A motorboat going downstream overcame a raft at a point A. $T$ = $60$ min later it turned back and after some time passed the raft at a distance $l$ = $6$ km from the point $A$. Find the flow velocity.
Assuming duty of motorboat is constant.
This is a question from IE irodov (mechanics).
Now i tried doing this problem without using relative motion/ velocity:
Let $$\begin{align}v_r &= \text{ velocity of raft}\\
v_f &= \text{ velocity of flow}\\
v_b &= \text{ velocity of boat}\end{align}$$
Let raft reach $C$ when boat reaches $B$.

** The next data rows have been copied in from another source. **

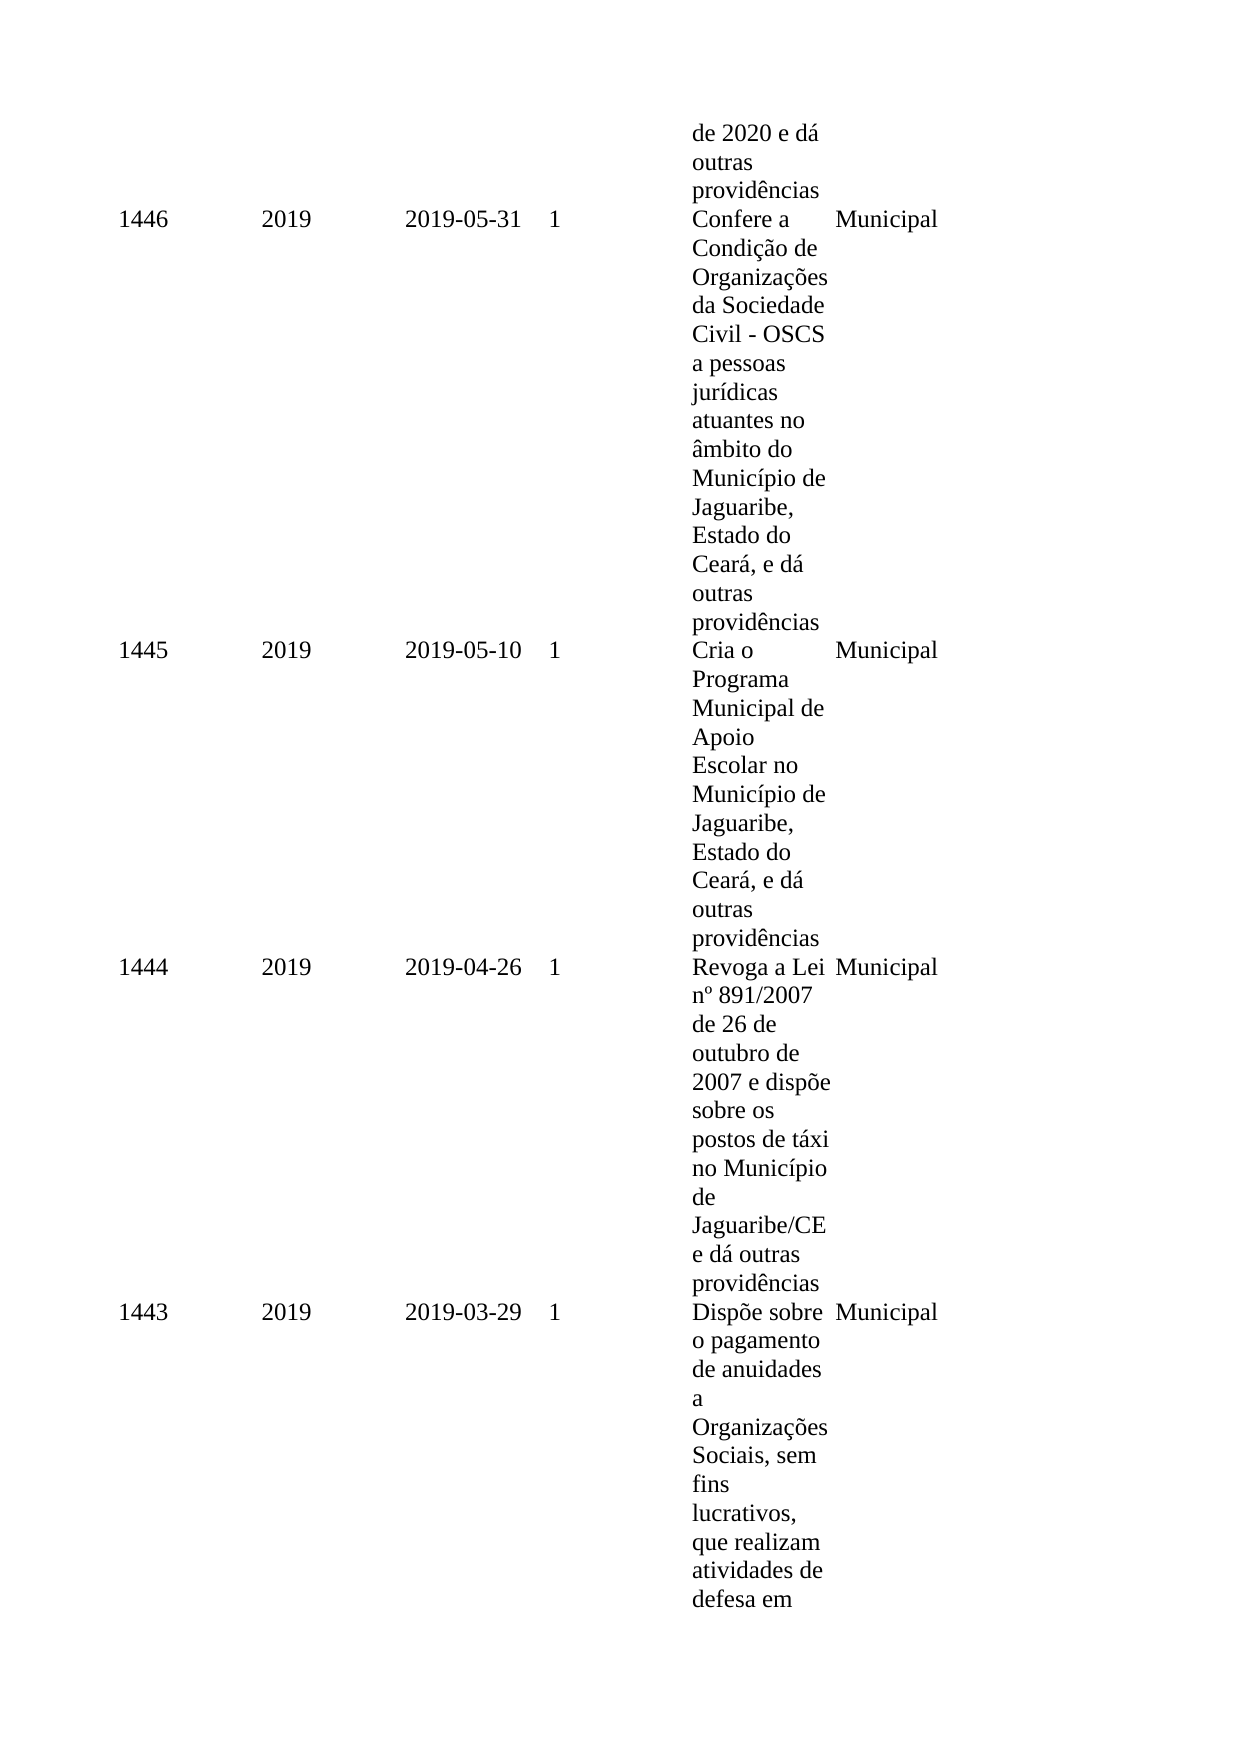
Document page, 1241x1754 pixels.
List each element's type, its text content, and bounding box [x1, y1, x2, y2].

table_cell [979, 636, 1122, 952]
table_cell 1 [548, 952, 692, 1297]
table_cell 2019 [261, 952, 405, 1297]
table_cell [835, 118, 979, 204]
table_cell de 2020 e dá outras providências [692, 118, 835, 204]
table_cell 1445 [118, 636, 261, 952]
table_cell Municipal [835, 952, 979, 1297]
table_cell 2019 [261, 1297, 405, 1613]
table_cell [118, 118, 261, 204]
table_cell [979, 952, 1122, 1297]
table_cell [979, 204, 1122, 636]
table_cell Confere a Condição de Organizações da Sociedade Civil - OSCS a pessoas jurídicas atuantes no âmbito do Município de Jaguaribe, Estado do Ceará, e dá outras providências [692, 204, 835, 636]
table_cell [405, 118, 548, 204]
table_cell 1444 [118, 952, 261, 1297]
table_cell [979, 1297, 1122, 1613]
table_cell Municipal [835, 636, 979, 952]
table_cell [548, 118, 692, 204]
table_cell 1 [548, 636, 692, 952]
table_cell Municipal [835, 1297, 979, 1613]
table_cell 2019-05-31 [405, 204, 548, 636]
table_cell 2019 [261, 204, 405, 636]
table_cell 1 [548, 204, 692, 636]
table_cell Cria o Programa Municipal de Apoio Escolar no Município de Jaguaribe, Estado do Ceará, e dá outras providências [692, 636, 835, 952]
table_cell Dispõe sobre o pagamento de anuidades a Organizações Sociais, sem fins lucrativos, que realizam atividades de defesa em [692, 1297, 835, 1613]
table_cell 2019-04-26 [405, 952, 548, 1297]
table_cell 2019-03-29 [405, 1297, 548, 1613]
table_cell 1443 [118, 1297, 261, 1613]
table_cell Revoga a Lei nº 891/2007 de 26 de outubro de 2007 e dispõe sobre os postos de táxi no Município de Jaguaribe/CE e dá outras providências [692, 952, 835, 1297]
table_cell 1 [548, 1297, 692, 1613]
table_cell [979, 118, 1122, 204]
table_cell [261, 118, 405, 204]
table_cell 1446 [118, 204, 261, 636]
table_cell Municipal [835, 204, 979, 636]
table_cell 2019 [261, 636, 405, 952]
table_cell 2019-05-10 [405, 636, 548, 952]

$$\therefore AB=(v_b+v_f)60\\
AC = (v_r+v_f)60\\
\implies CB = 60(v_b – v_r)$$
Now boat turns back. Let boat and raft meet at $D$ after time $t$ after the bot reaches B. Therefore:
$$(v_r + v_f)t + (v_b – v_f)t = 60(v_b – v_r)\\
\implies t = \dfrac{60(v_b – v_r)}{v_r + v_b}$$
Now, $AC + CD = 6$
$$(v_r + v_f)60 + (v_r + v_f)60\left(\dfrac{v_b – v_r}{v_b + v_r}\right) = 6$$
Simplifying for $v_f$, we get:
$$v_f = \dfrac{v_b +v_r – 10 v_b^2}{10v_b} {km\over min}$$
I cant simplify further. The answer given is 3km/hr
EDIT
I just realised that $v_r = 0$. Therefore last equation gives:
$$v_f = \frac{6(1-10v_b) km}{hr}$$
Best Answer
All that is quite unnecessary, really, just change the frame of reference to the river, and visualize it as a moving conveyor belt on which the raft is merely a marked point A.
The motorboat moves away from A for for $1$ hr on the "conveyor belt" , so it will take exactly the same time to get back to it.
In the meantime, A has moved downstream $6$ km w.r.t. the bank,
thus flow velocity $= \dfrac62 = 3\;$km/hr.